Kaarttechnieken 9 feb. 2006 Hiketechnieken. Coördinaten uitzetten Als je nu een punt wilt opzoeken, bijv. 0046-6232 doe je dit als volgt. 1. Zoek het kaart vierkant op, waarin het coördinaat ligt. Dat kaartvierkant heeft als linkergrens de verticale lijn met nummer 00. Het kan zijn dat daar de nog een cijfer voor moet, dat weggelaten is. 2. als ondergrens heeft dat kaartvierkant de horizontale lijn met nummer 62, de eerste twee cijfers na het streepje. Ook hier kan nog een cijfer voor moeten. 3. Waar deze lijnen elkaar kruizen ligt het kaartvierkant waar je naar op zoek bent daar rechtsboven van. Precies op deze punt leg je de grootste hoek die op de kaarthoekmeter staat. 4. Schuif de punt van de hoek zover naar rechts het kaartvierkant in, dat je bij de linkergrens ervan op de horizontale arm van de hoek 46 honderdsten afleest. Dit zijn het derde en vierde cijfer van het coördinaat. 5. Schuif daarna de punt van de hoek zover naar boven dat je bij de ondergrens op de verticale as 32 honderdsten afleest. 6. Zorg dat je de kaarthoekmeter nu niet meer verschuift. De punt van de hoek wijst nu precies naar coördinaat 0046-6232 Hou altijd deze volgorde aan: EERST naar RECHTS, DAN naar BOVEN!! 9 feb. 2006 Hiketechnieken.

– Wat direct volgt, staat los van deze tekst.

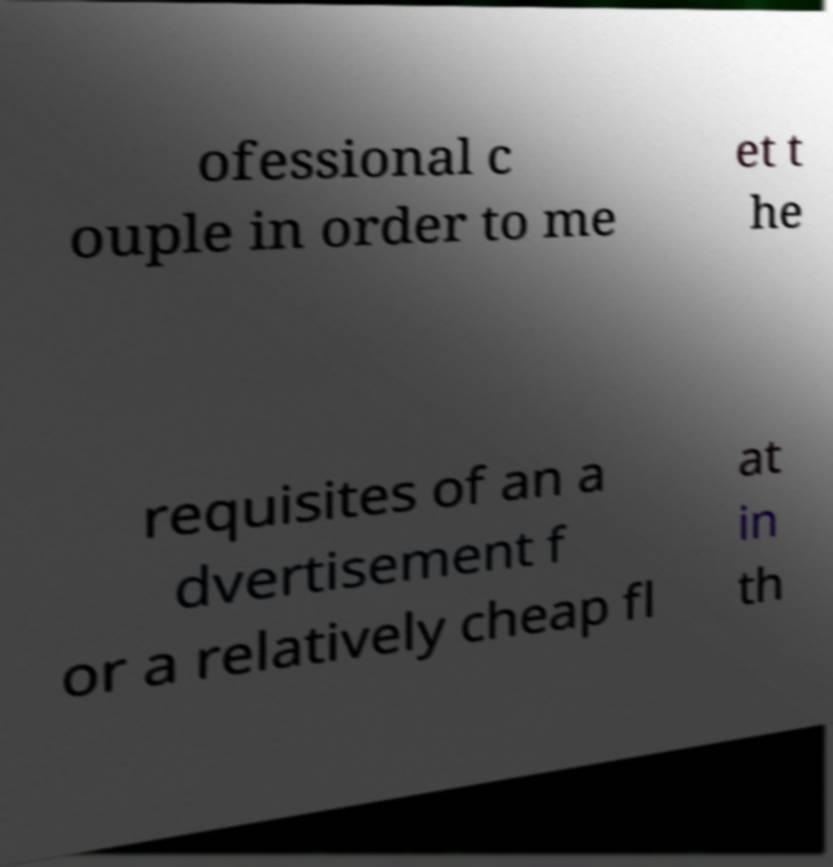Could you extract and type out the text from this image? ofessional c ouple in order to me et t he requisites of an a dvertisement f or a relatively cheap fl at in th 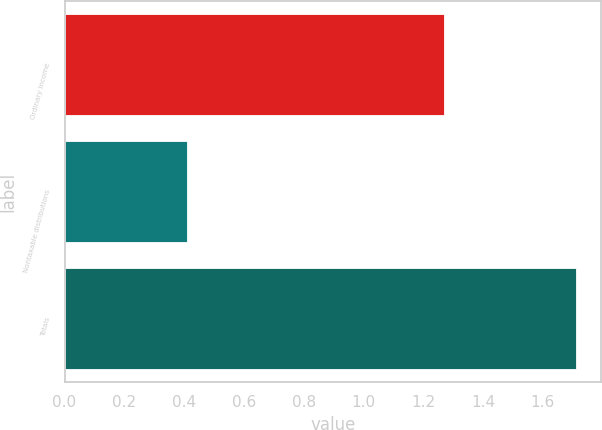<chart> <loc_0><loc_0><loc_500><loc_500><bar_chart><fcel>Ordinary income<fcel>Nontaxable distributions<fcel>Totals<nl><fcel>1.27<fcel>0.41<fcel>1.71<nl></chart>

Schetsen 10 feb. 2006 Hiketechnieken. Horizonschets Aan de onderkant van een horizonschets teken je een horizontale lijn, de luchtlijn. Boven deze lijn teken je alleen de horizonlijn: de contouren van de gebouwen, bomen en andere voorwerpen die je aan de horizon ziet. Dit is een doorgetrokken, hoekige lijn. Recognografische schets Deze schets is een stapje uitgebreider dan de horizonschets. Het gebied dat in de horizonschets gearceerd wordt vul je nu in met alle 'vaste' landschapselementen. Je tekent alle dingen in die duurzaam in het landschap zijn verankerd. Zo teken je borden, (spoor) wegen, hekken, huizen, bomen enz. Dingen als mensen, dieren en auto's teken je niet, want die zouden over een uurtje wel eens weg kunnen zijn of ergens anders staan. Panoramaschets Bij een panoramaschets vul je de ontbrekende elementen in de recognografische schets in. Alle details worden ingevuld en ook de toevalligheden zoals mensen, dieren en auto's laat je niet weg. Probeer ook de schaduwen aan te geven. Als je van je leiding kleurpotloden of viltstiften hebt meegekregen dan kun je de tekening ook nog inkleuren. 10 feb. 2006 Hiketechnieken.